色男が涙を滲ませながら腹を抱えて笑っている。
ファラナは戸惑い、ルクロディウスと紫希を交互に見る。
レキはそんな三人をにこにこと見ている。
「………まだ、聞いてない事がある。私を妖魔にした訳は何?《宝石持ち》だから?」
苛立ちを隠さずに話す紫希に、ルクロディウスはまだ笑いが収まらない様だがはっきりと答えた。

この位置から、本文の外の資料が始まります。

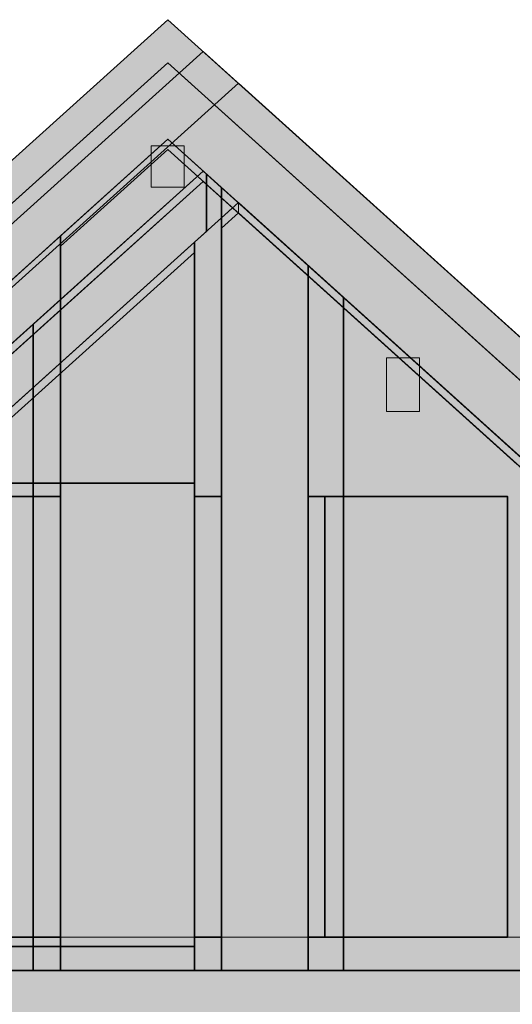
# Model space of a CAD drawing. Header units: millimetres. Extents: x 3182 to 41000, y -28700 to -8100.
# Tile 4 of 11: x 15848 to 18236, y -14626 to -9857. Entities that reach past the tile are written whole.
import ezdxf

# ---------------------------------------------------------------- set-up
doc = ezdxf.new("R2010")
doc.units = ezdxf.units.MM
doc.header["$MEASUREMENT"] = 0

msp = doc.modelspace()

# ---------------------------------------------------------------- hatches: boundary and pattern name
at = {"true_color": 0xeaeaea}
for points in [[(16566, -10065.86), (12510.69, -13717.28), (12406.98, -13602.09), (16566, -9857.29)], [(18631.91, -11926.02), (16566, -10065.87), (16566, -9857.29), (18735.62, -11810.83)], [(12748.98, -13602.09), (16737, -10011.26), (16737, -10219.83), (12852.69, -13717.28)], [(16737, -10011.27), (20725.02, -13602.1), (20621.31, -13717.29), (16737, -10219.84)], [(16566, -10435.92), (12717, -13901.57), (12532.99, -13697.21), (16566, -10065.87)], [(18315.31, -12011), (16566, -10435.91), (16566, -10065.87), (18726.29, -12011)], [(13089.98, -13602.09), (16907.5, -10164.79), (16907.5, -10373.35), (13193.69, -13717.29)], [(16907.5, -10164.78), (20725.02, -13602.09), (20621.31, -13717.28), (16907.5, -10373.35)], [(12874.99, -13697.2), (16737, -10219.83), (16737, -10589.88), (13059, -13901.57)], [(16737, -10219.83), (20599.01, -13697.21), (20415, -13901.57), (16737, -10589.88)], [(13215.99, -13697.2), (16907.5, -10373.35), (16907.5, -10743.4), (13400, -13901.57)], [(16907.5, -10373.35), (20599.01, -13697.2), (20415, -13901.57), (16907.5, -10743.4)], [(19720, -13275.79), (19720, -14461), (13754, -14461), (13754, -12967.85), (14572, -12231.32), (14572, -14301), (15582, -14301), (15582, -12166), (14644.55, -12166), (16566, -10435.92)], [(17246, -11048.19), (17246, -11097.98), (16566, -10485.7), (16046, -10953.91), (16046, -10904.13), (16566, -10435.92)], [(16646, -10667.58), (16486, -10667.58), (16486, -10467.58), (16646, -10467.58)], [(17246, -11097.98), (16737, -10639.67), (13754, -13325.58), (13754, -13275.79), (16737, -10589.88), (17246, -11048.19)], [(14095, -14461), (14095, -12968.75), (16737, -10589.88), (16827, -10670.92), (16827, -14461)], [(17246, -11097.98), (16737, -10639.67), (16046, -11261.85), (16046, -11212.06), (16737, -10589.88), (17246, -11048.19)], [(16695, -14461), (16695, -10934.74), (16754.09, -10881.54), (16754.09, -10605.27), (16827, -10670.92), (16827, -14461)], [(19720, -13325.58), (16907.5, -10793.19), (16827, -10865.68), (16827, -10815.89), (16907.5, -10743.4), (19720, -13275.79)], [(15782, -14461), (15782, -11141.83), (16046, -10904.13), (16046, -14461)], [(14095, -13325.58), (14095, -13275.79), (16695, -10934.74), (16695, -10984.53)], [(17246, -11097.98), (17246, -11048.19), (17418, -11203.06), (17418, -11252.85)], [(17246, -14461), (17246, -11048.19), (17418, -11203.06), (17418, -14461)], [(17246, -14461), (17246, -11048.19), (17418, -11203.06), (17418, -14461)], [(17418, -11252.85), (17418, -11203.06), (19720, -13275.79), (19720, -13325.58)], [(17418, -14461), (17418, -11203.06), (19720, -13275.79), (19720, -14461)], [(17418, -11252.85), (17418, -11203.06), (19720, -13275.79), (19720, -13325.58)], [(17418, -14461), (17418, -11203.06), (19720, -13275.79), (19720, -14461)], [(17418, -14461), (17418, -11203.06), (19720, -13275.79), (19720, -14461)], [(17418, -11252.85), (17418, -11203.06), (19720, -13275.79), (19720, -13325.58)], [(17418, -14461), (17418, -11203.06), (19720, -13275.79), (19720, -14461)], [(13754, -14461), (13754, -13275.79), (16046, -11212.06), (16046, -14461)], [(15914, -11380.71), (15914, -11330.92), (16046, -11212.06), (16046, -11261.85)], [(15914, -14461), (15914, -11330.92), (16046, -11212.06), (16046, -14461)], [(13754, -13325.58), (13754, -13275.79), (15914, -11330.92), (15914, -11380.7)], [(17785.96, -11754.01), (17625.96, -11754.01), (17625.96, -11494.01), (17785.96, -11494.01)], [(15782, -14301), (15782, -12166), (15914, -12166), (15914, -14301)], [(15914, -14301), (15914, -12166), (16046, -12166), (16046, -14301)], [(16695, -14301), (16695, -12166), (16761, -12166), (16761, -14301)], [(16761, -14301), (16761, -12166), (16827, -12166), (16827, -14301)], [(17332, -12166), (17332, -14301), (17246, -14301), (17246, -12166)], [(17246, -14301), (17246, -12166), (17332, -12166), (17332, -14301)], [(17418, -12166), (17418, -14301), (17332, -14301), (17332, -12166)], [(17332, -14301), (17332, -12166), (17418, -12166), (17418, -14301)], [(13754, -14461), (13754, -14301), (15914, -14301), (15914, -14461)], [(13754, -14461), (13754, -14301), (17246, -14301), (17246, -14461)], [(14095, -14461), (14095, -14301), (16695, -14301), (16695, -14461)], [(15914, -14461), (15914, -14301), (16046, -14301), (16046, -14461)], [(16046, -14461), (16046, -14301), (17246, -14301), (17246, -14461)], [(16046, -14461), (16046, -14301), (17246, -14301), (17246, -14461)], [(16046, -14301), (19720, -14301), (19720, -14461), (16046, -14461)], [(16827, -14461), (16827, -14301), (19720, -14301), (19720, -14461)], [(17246, -14461), (17246, -14301), (17418, -14301), (17418, -14461)], [(17418, -14461), (17418, -14301), (19720, -14301), (19720, -14461)], [(17418, -14461), (17418, -14301), (19720, -14301), (19720, -14461)], [(17418, -14461), (17418, -14301), (19720, -14301), (19720, -14461)], [(15782, -14723), (15782, -14461), (20015, -14461), (20015, -14723)]]:
    msp.add_hatch(color=254, dxfattribs=at).paths.add_polyline_path(points)
h = msp.add_hatch(color=254, dxfattribs=at)
h.paths.add_polyline_path([(16566, -10435.92), (18315.31, -12011), (18260.01, -12011), (16566, -10485.71), (16046, -10953.91), (16046, -10904.13)])
h.paths.add_polyline_path([(19720, -13325.58), (19557.92, -13179.64), (19582.68, -13152.14), (19720, -13275.79)])
h = msp.add_hatch(color=254, dxfattribs=at)
h.paths.add_polyline_path([(14095, -14461), (14095, -13275.79), (16907.5, -10743.4), (19720, -13275.79), (19720, -14461)])
h.paths.add_polyline_path([(16695, -14345), (16695, -12101), (15525, -12101), (15525, -14345)])
h = msp.add_hatch(color=254, dxfattribs=at)
h.paths.add_polyline_path([(16827, -14461), (16827, -10815.89), (16907.5, -10743.4), (19720, -13275.79), (19720, -14461)])
h.paths.add_polyline_path([(18212, -12166), (17327, -12166), (17327, -14301), (18212, -14301)])
h = msp.add_hatch(color=254, dxfattribs=at)
h.paths.add_polyline_path([(19720, -13325.58), (16907.5, -10793.19), (16907.5, -10743.4), (19720, -13275.79)])
h.paths.add_polyline_path([(16907.5, -10793.19), (16827, -10865.68), (16827, -10815.89), (16879.85, -10768.3)])

# ---------------------------------------------------------------- linework, layer by layer
at = {"color": 178, "lineweight": 20, "true_color": 0x070709}
for points in [[(12407, -13602), (16566, -9857), (12407, -13602)], [(16566, -9857), (18736, -11811), (16566, -9857)], [(16566, -10066), (12511, -13717), (16566, -10066)], [(18632, -11926), (16566, -10066), (18632, -11926)]]:
    msp.add_lwpolyline(points, dxfattribs=at)
at = {"color": 18, "lineweight": 20, "true_color": 0x070707}
for points in [[(12749, -13602), (16737, -10011), (12749, -13602)], [(16737, -10011), (20725, -13602), (16737, -10011)], [(13090, -13602), (16908, -10165), (13090, -13602)], [(16908, -10165), (20725, -13602), (16908, -10165)], [(16566, -10436), (16046, -10904), (16566, -10436)], [(17246, -11048), (16566, -10436), (17246, -11048)], [(16046, -10954), (16566, -10486), (16046, -10954)], [(16566, -10486), (17246, -11098), (16566, -10486)], [(16737, -10590), (13059, -13902), (16737, -10590)], [(16737, -10590), (13754, -13276), (16737, -10590)], [(16737, -10590), (16046, -11212), (16737, -10590)], [(17246, -11048), (16737, -10590), (17246, -11048)], [(17246, -11048), (16737, -10590), (17246, -11048)], [(20415, -13902), (16737, -10590), (20415, -13902)], [(13754, -13326), (16737, -10640), (13754, -13326)], [(16046, -11262), (16737, -10640), (16046, -11262)], [(16737, -10640), (17246, -11098), (16737, -10640)], [(16737, -10640), (17246, -11098), (16737, -10640)], [(16908, -10743), (13400, -13902), (16908, -10743)], [(16908, -10743), (16827, -10816), (16908, -10743)], [(16880, -10768), (16827, -10816), (16880, -10768)], [(16908, -10793), (16880, -10768), (16908, -10793)], [(19720, -13276), (16908, -10743), (19720, -13276)], [(19720, -13276), (16908, -10743), (19720, -13276)], [(16908, -10743), (16908, -10793), (16908, -10743)], [(20415, -13902), (16908, -10743), (20415, -13902)], [(16827, -10866), (16908, -10793), (16827, -10866)], [(16827, -10866), (16908, -10793), (16827, -10866)], [(16827, -10816), (16827, -10866), (16827, -10816)], [(16827, -10816), (16827, -10866), (16827, -10816)], [(16908, -10793), (19720, -13326), (16908, -10793)], [(16908, -10793), (19720, -13326), (16908, -10793)], [(16046, -10904), (16046, -10954), (16046, -10904)], [(16695, -10935), (14095, -13276), (16695, -10935)], [(16695, -10985), (16695, -10935), (16695, -10985)], [(14095, -13326), (16695, -10985), (14095, -13326)], [(17418, -11203), (17246, -11048), (17418, -11203)], [(17246, -11048), (17246, -11098), (17246, -11048)], [(17246, -11098), (17246, -11048), (17246, -11098)], [(17246, -11098), (17246, -11048), (17246, -11098)], [(17246, -11098), (17246, -11048), (17246, -11098)], [(17246, -11098), (17418, -11253), (17246, -11098)], [(17418, -11253), (17418, -11203), (17418, -11253)], [(19720, -13276), (17418, -11203), (19720, -13276)], [(17418, -11203), (17418, -11253), (17418, -11203)], [(19720, -13276), (17418, -11203), (19720, -13276)], [(17418, -11203), (17418, -11253), (17418, -11203)], [(19720, -13276), (17418, -11203), (19720, -13276)], [(17418, -11203), (17418, -11253), (17418, -11203)], [(16046, -11212), (15914, -11331), (16046, -11212)], [(16046, -11262), (16046, -11212), (16046, -11262)], [(16046, -11212), (16046, -11262), (16046, -11212)], [(17418, -11253), (19720, -13326), (17418, -11253)], [(17418, -11253), (19720, -13326), (17418, -11253)], [(17418, -11253), (19720, -13326), (17418, -11253)], [(15914, -11381), (16046, -11262), (15914, -11381)], [(15914, -11331), (13754, -13276), (15914, -11331)], [(15914, -11331), (15914, -11381), (15914, -11331)], [(15914, -11381), (15914, -11331), (15914, -11381)], [(13754, -13326), (15914, -11381), (13754, -13326)], [(15914, -14301), (13754, -14301), (15914, -14301)], [(17246, -14301), (13754, -14301), (17246, -14301)], [(16695, -14301), (14095, -14301), (16695, -14301)], [(16046, -14301), (15914, -14301), (16046, -14301)], [(15914, -14301), (15914, -14461), (15914, -14301)], [(15914, -14461), (15914, -14301), (15914, -14461)], [(16046, -14461), (16046, -14301), (16046, -14461)], [(17246, -14301), (16046, -14301), (17246, -14301)], [(16046, -14301), (16046, -14461), (16046, -14301)], [(17246, -14301), (16046, -14301), (17246, -14301)], [(16046, -14301), (16046, -14461), (16046, -14301)], [(16695, -14461), (16695, -14301), (16695, -14461)], [(19720, -14301), (16827, -14301), (19720, -14301)], [(16827, -14301), (16827, -14461), (16827, -14301)], [(17418, -14301), (17246, -14301), (17418, -14301)], [(17246, -14301), (17246, -14461), (17246, -14301)], [(17246, -14461), (17246, -14301), (17246, -14461)], [(17246, -14461), (17246, -14301), (17246, -14461)], [(17246, -14461), (17246, -14301), (17246, -14461)], [(17418, -14461), (17418, -14301), (17418, -14461)], [(19720, -14301), (17418, -14301), (19720, -14301)], [(17418, -14301), (17418, -14461), (17418, -14301)], [(19720, -14301), (17418, -14301), (19720, -14301)], [(17418, -14301), (17418, -14461), (17418, -14301)], [(19720, -14301), (17418, -14301), (19720, -14301)], [(17418, -14301), (17418, -14461), (17418, -14301)], [(13754, -14461), (15914, -14461), (13754, -14461)], [(13754, -14461), (17246, -14461), (13754, -14461)], [(14095, -14461), (16695, -14461), (14095, -14461)], [(15914, -14461), (16046, -14461), (15914, -14461)], [(16046, -14461), (17246, -14461), (16046, -14461)], [(16046, -14461), (17246, -14461), (16046, -14461)], [(16827, -14461), (19720, -14461), (16827, -14461)], [(17246, -14461), (17418, -14461), (17246, -14461)], [(17418, -14461), (19720, -14461), (17418, -14461)], [(17418, -14461), (19720, -14461), (17418, -14461)], [(17418, -14461), (19720, -14461), (17418, -14461)]]:
    msp.add_lwpolyline(points, dxfattribs=at)
at = {"color": 178, "lineweight": 20, "true_color": 0x070708}
for points in [[(12533, -13697), (16566, -10066), (12533, -13697)], [(16566, -10066), (18726, -12011), (16566, -10066)], [(16566, -10436), (12717, -13902), (16566, -10436)], [(18315, -12011), (16566, -10436), (18315, -12011)]]:
    msp.add_lwpolyline(points, dxfattribs=at)
at = {"color": 18, "lineweight": 35, "true_color": 0x070707}
for points in [[(16566, -10436), (14645, -12166), (16566, -10436)], [(19720, -13276), (16566, -10436), (19720, -13276)], [(16737, -10590), (14095, -12969), (16737, -10590)], [(16827, -10671), (16737, -10590), (16827, -10671)], [(16827, -10671), (16754, -10605), (16827, -10671)], [(16754, -10605), (16754, -10882), (16754, -10605)], [(16827, -14461), (16827, -10671), (16827, -14461)], [(16827, -14461), (16827, -10671), (16827, -14461)], [(16908, -10743), (14095, -13276), (16908, -10743)], [(16908, -10743), (16827, -10816), (16908, -10743)], [(19720, -13276), (16908, -10743), (19720, -13276)], [(19720, -13276), (16908, -10743), (19720, -13276)], [(16827, -10816), (16827, -14461), (16827, -10816)], [(16046, -10904), (15782, -11142), (16046, -10904)], [(16046, -14461), (16046, -10904), (16046, -14461)], [(16754, -10882), (16695, -10935), (16754, -10882)], [(16695, -10935), (16695, -14461), (16695, -10935)], [(17418, -11203), (17246, -11048), (17418, -11203)], [(17246, -11048), (17246, -14461), (17246, -11048)], [(17418, -11203), (17246, -11048), (17418, -11203)], [(17246, -11048), (17246, -14461), (17246, -11048)], [(19720, -13276), (17418, -11203), (19720, -13276)], [(17418, -11203), (17418, -14461), (17418, -11203)], [(19720, -13276), (17418, -11203), (19720, -13276)], [(19720, -13276), (17418, -11203), (19720, -13276)], [(17418, -11203), (17418, -14461), (17418, -11203)], [(19720, -13276), (17418, -11203), (19720, -13276)], [(17418, -11203), (17418, -14461), (17418, -11203)], [(17418, -14461), (17418, -11203), (17418, -14461)], [(16046, -11212), (13754, -13276), (16046, -11212)], [(16046, -11212), (15914, -11331), (16046, -11212)], [(16046, -14461), (16046, -11212), (16046, -14461)], [(16046, -14461), (16046, -11212), (16046, -14461)], [(15914, -11331), (15914, -14461), (15914, -11331)], [(15525, -12101), (16695, -12101), (15525, -12101)], [(16695, -12101), (16695, -14345), (16695, -12101)], [(15782, -12166), (15914, -12166), (15782, -12166)], [(15914, -12166), (16046, -12166), (15914, -12166)], [(16046, -12166), (16046, -14301), (16046, -12166)], [(16695, -14301), (16695, -12166), (16695, -14301)], [(16695, -12166), (16761, -12166), (16695, -12166)], [(16761, -12166), (16827, -12166), (16761, -12166)], [(16827, -12166), (16827, -14301), (16827, -12166)], [(17246, -12166), (17332, -12166), (17246, -12166)], [(17246, -14301), (17246, -12166), (17246, -14301)], [(17246, -14301), (17246, -12166), (17246, -14301)], [(17246, -12166), (17332, -12166), (17246, -12166)], [(17327, -14301), (17327, -12166), (17327, -14301)], [(17327, -12166), (18212, -12166), (17327, -12166)], [(17332, -12166), (17418, -12166), (17332, -12166)], [(17332, -12166), (17418, -12166), (17332, -12166)], [(17418, -12166), (17418, -14301), (17418, -12166)], [(17418, -12166), (17418, -14301), (17418, -12166)], [(18212, -12166), (18212, -14301), (18212, -12166)], [(15914, -14301), (15782, -14301), (15914, -14301)], [(16046, -14301), (15914, -14301), (16046, -14301)], [(16761, -14301), (16695, -14301), (16761, -14301)], [(16827, -14301), (16761, -14301), (16827, -14301)], [(17332, -14301), (17246, -14301), (17332, -14301)], [(17332, -14301), (17246, -14301), (17332, -14301)], [(18212, -14301), (17327, -14301), (18212, -14301)], [(17418, -14301), (17332, -14301), (17418, -14301)], [(17418, -14301), (17332, -14301), (17418, -14301)], [(16695, -14345), (15525, -14345), (16695, -14345)], [(13754, -14461), (16046, -14461), (13754, -14461)], [(13754, -14461), (19720, -14461), (13754, -14461)], [(14095, -14461), (19720, -14461), (14095, -14461)], [(14095, -14461), (16827, -14461), (14095, -14461)], [(15782, -14461), (16046, -14461), (15782, -14461)], [(20015, -14461), (15782, -14461), (20015, -14461)], [(15914, -14461), (16046, -14461), (15914, -14461)], [(16695, -14461), (16827, -14461), (16695, -14461)], [(16827, -14461), (19720, -14461), (16827, -14461)], [(17246, -14461), (17418, -14461), (17246, -14461)], [(17246, -14461), (17418, -14461), (17246, -14461)], [(17418, -14461), (19720, -14461), (17418, -14461)], [(17418, -14461), (19720, -14461), (17418, -14461)], [(17418, -14461), (19720, -14461), (17418, -14461)], [(17418, -14461), (19720, -14461), (17418, -14461)]]:
    msp.add_lwpolyline(points, dxfattribs=at)
at = {"color": 178, "lineweight": 0, "true_color": 0x070708}
for points in [[(16046, -10904), (16566, -10436), (16046, -10904)], [(16566, -10436), (18315, -12011), (16566, -10436)], [(16566, -10486), (16046, -10954), (16566, -10486)], [(18260, -12011), (16566, -10486), (18260, -12011)], [(16046, -10954), (16046, -10904), (16046, -10954)], [(16046, -14461), (16046, -14301), (16046, -14461)], [(16046, -14301), (19720, -14301), (16046, -14301)], [(19720, -14461), (16046, -14461), (19720, -14461)]]:
    msp.add_lwpolyline(points, dxfattribs=at)
at = {"color": 18, "lineweight": 20, "true_color": 0x080807}
for points in [[(16486, -10668), (16486, -10468), (16486, -10668)], [(16486, -10468), (16646, -10468), (16486, -10468)], [(16646, -10468), (16646, -10668), (16646, -10468)], [(16646, -10668), (16486, -10668), (16646, -10668)], [(17626, -11754), (17626, -11494), (17626, -11754)], [(17626, -11494), (17786, -11494), (17626, -11494)], [(17786, -11494), (17786, -11754), (17786, -11494)], [(17786, -11754), (17626, -11754), (17786, -11754)]]:
    msp.add_lwpolyline(points, dxfattribs=at)

doc.saveas('drawing.dxf')

「ふふ…いや、《宝石持ち》は確かに珍しいが、それだけでわざわざお前を妖魔にはしない。お前…シキと言ったか。シキ、これはもう決定事項だ。お前は私の娘となった。お前は私の跡を継ぎ、妖魔の主となるのだ」
にこやかにとんでもない事を言う。
「は…あ、主って……さっきも聞いたけど妖魔の中の主って事だったのか?と言うことは、お前が妖魔の今の主?跡を継ぐ…私が?どうしてそうなる!」
訳が分からない。混乱している。多分今私が言った台詞はめちゃくちゃだろう。だが正直脳がうまく働かない。